For many prospective homebuyers, the dream of owning a home is being deferred not by a lack of income but by a lingering hospital bill from years ago. While recent headlines suggested a total ban on including healthcare costs in credit reports, the reality on the ground for mortgage lenders is far more complex. Medical debt remains one of the most common “invisible” anchors that can drag down a credit score or complicate a debt-to-income calculation during the underwriting process. Even if you have a stable job and a significant down payment, a single unresolved collection account can be the difference between a “yes” and a “no.” Understanding how lenders currently view these debts is essential for anyone preparing to enter the housing market.

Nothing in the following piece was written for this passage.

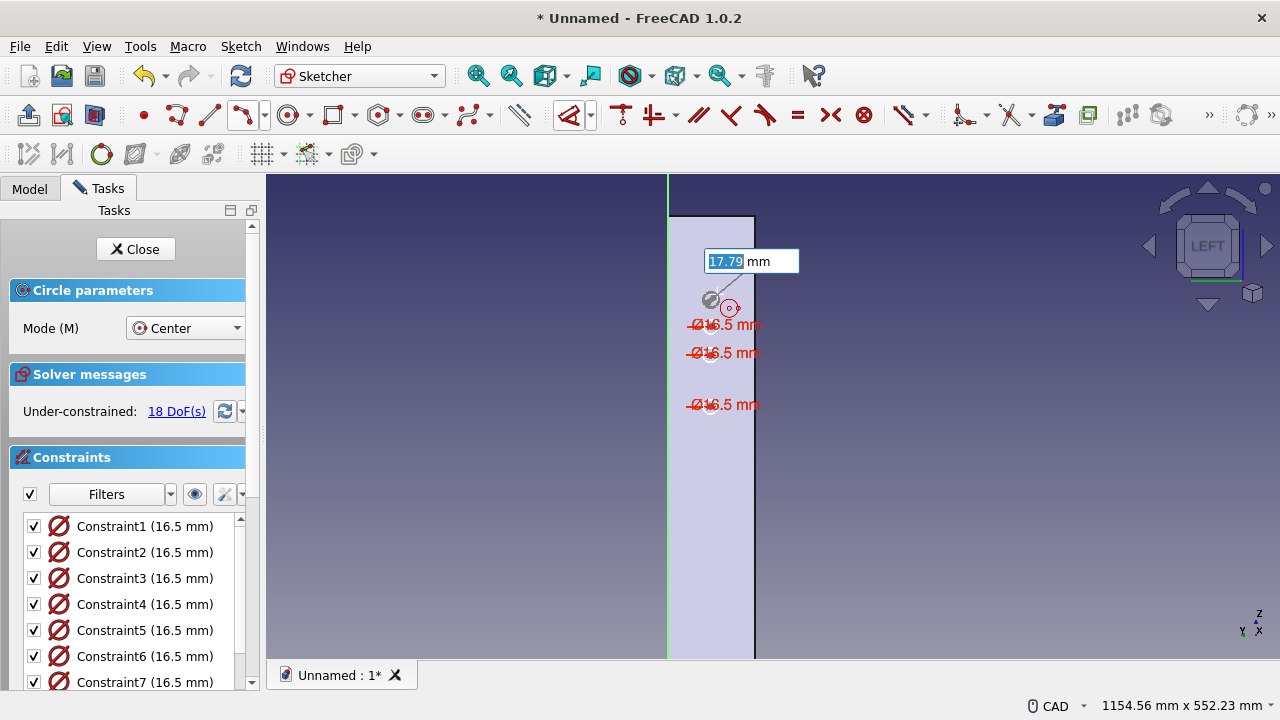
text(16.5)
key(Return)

The Volatile Legal Landscape of 2025
The rules surrounding how medical debt appears on your credit report have undergone a dramatic “pendulum swing” over the last year. In early 2025, the Consumer Financial Protection Bureau (CFPB) finalized a rule that sought to ban medical bills from credit reports entirely. However, following significant legal challenges and a mid-year court ruling in the Eastern District of Texas, that federal ban was vacated, leaving the system in a state of confusion. As of late 2025, unpaid medical debts over $500 that have been in collection for more than a year can still appear on your report in many states. This means that for most Americans, the “safety net” they were promised has been tied up in legal red tape, making personal vigilance more important than ever.
How Medical Bills Lower Your Credit Tier
Even though some credit scoring models like FICO 10 and VantageScore 4.0 have reduced the weight they give to healthcare collections, many mortgage lenders still use older models. These “legacy” systems don’t distinguish between a $1,000 emergency room bill and $1,000 in reckless credit card spending. Consequently, a single medical collection can knock 50 to 100 points off your score, pushing you into a higher interest rate tier or out of qualification entirely. When you are applying for a mortgage, that lower score could cost you tens of thousands of dollars in extra interest over the life of the loan. It is a steep price to pay for a debt that, according to Consumer Reports, is often based on inaccurate or inflated billing data.
The Impact on Your Debt-to-Income Ratio
Beyond the credit score, medical debt can negatively impact your Debt-to-Income (DTI) ratio, which is a key metric for mortgage approval. If you are currently on a payment plan with a hospital, that monthly obligation must be included in your “back-end” DTI, reducing the amount of mortgage you can afford. Lenders typically look for a DTI of 43% or lower, and a $200 monthly medical payment can significantly shrink your buying power. Even if the debt isn’t on your credit report yet, a responsible lender will ask about recurring obligations during the manual underwriting process. This “hidden” impact is why many experts suggest settling medical payment plans before beginning a serious home search.
The State-by-State “Protection Lottery”
Because the federal ban was blocked, your ability to get a mortgage with medical debt now largely depends on where you live. States like New York, California, and Minnesota have passed their own laws prohibiting medical debt from being reported to credit bureaus, effectively creating a “safe harbor” for their residents. However, if you live in a state without these protections, you are still subject to the old rules where collectors can use your credit report as a weapon for payment. This “protection lottery” has created a fragmented housing market where a buyer in one state is penalized for an illness while a buyer across the border is not. Always check the specific consumer protection laws in your state through the National Consumer Law Center.
Dealing with “Zombie” Medical Collections
One of the most frustrating experiences for homebuyers is the “zombie” medical debt that appears on a credit report just as they are about to close on a house. These are often old bills that were supposedly covered by insurance but were sold to a third-party collector years later. The stress of a mortgage application often triggers these collectors to report the debt, knowing that the buyer is under pressure to “make it go away” to save their loan. If this happens to you, do not immediately pay the bill, as this can sometimes restart the statute of limitations or be seen as an admission of the debt’s validity. Instead, work with your loan officer to provide an “Explanation of Debt” letter to the underwriter.
Strategies for Mortgage Qualification
If you have medical debt and want to buy a home in 2026, your first step should be to request a “pay-for-delete” agreement with the collection agency. While not all agencies will agree, many are willing to remove the negative entry from your credit report if you pay a settled amount in full. You should also ensure that any debt under $500 is removed immediately, as the major credit bureaus have voluntarily agreed not to report these smaller amounts. If the debt is inaccurate, use the Fair Credit Reporting Act to dispute the entry with both the bureau and the original healthcare provider. Often, a “disputed” status is enough to allow a mortgage underwriter to move forward with your application.
The Future of Medical Debt and Housing
The conversation around medical debt and housing is far from over, as advocates continue to push for legislative changes at both the state and federal levels. There is a growing consensus that medical bills are a poor predictor of whether someone will be a responsible homeowner. Until the law catches up with this reality, the burden of proof remains on the borrower to show they are financially stable despite their medical history. Staying proactive, keeping meticulous records of your medical payments, and monitoring your credit monthly are your best defenses. Your dream of homeownership shouldn’t be a casualty of a broken healthcare billing system.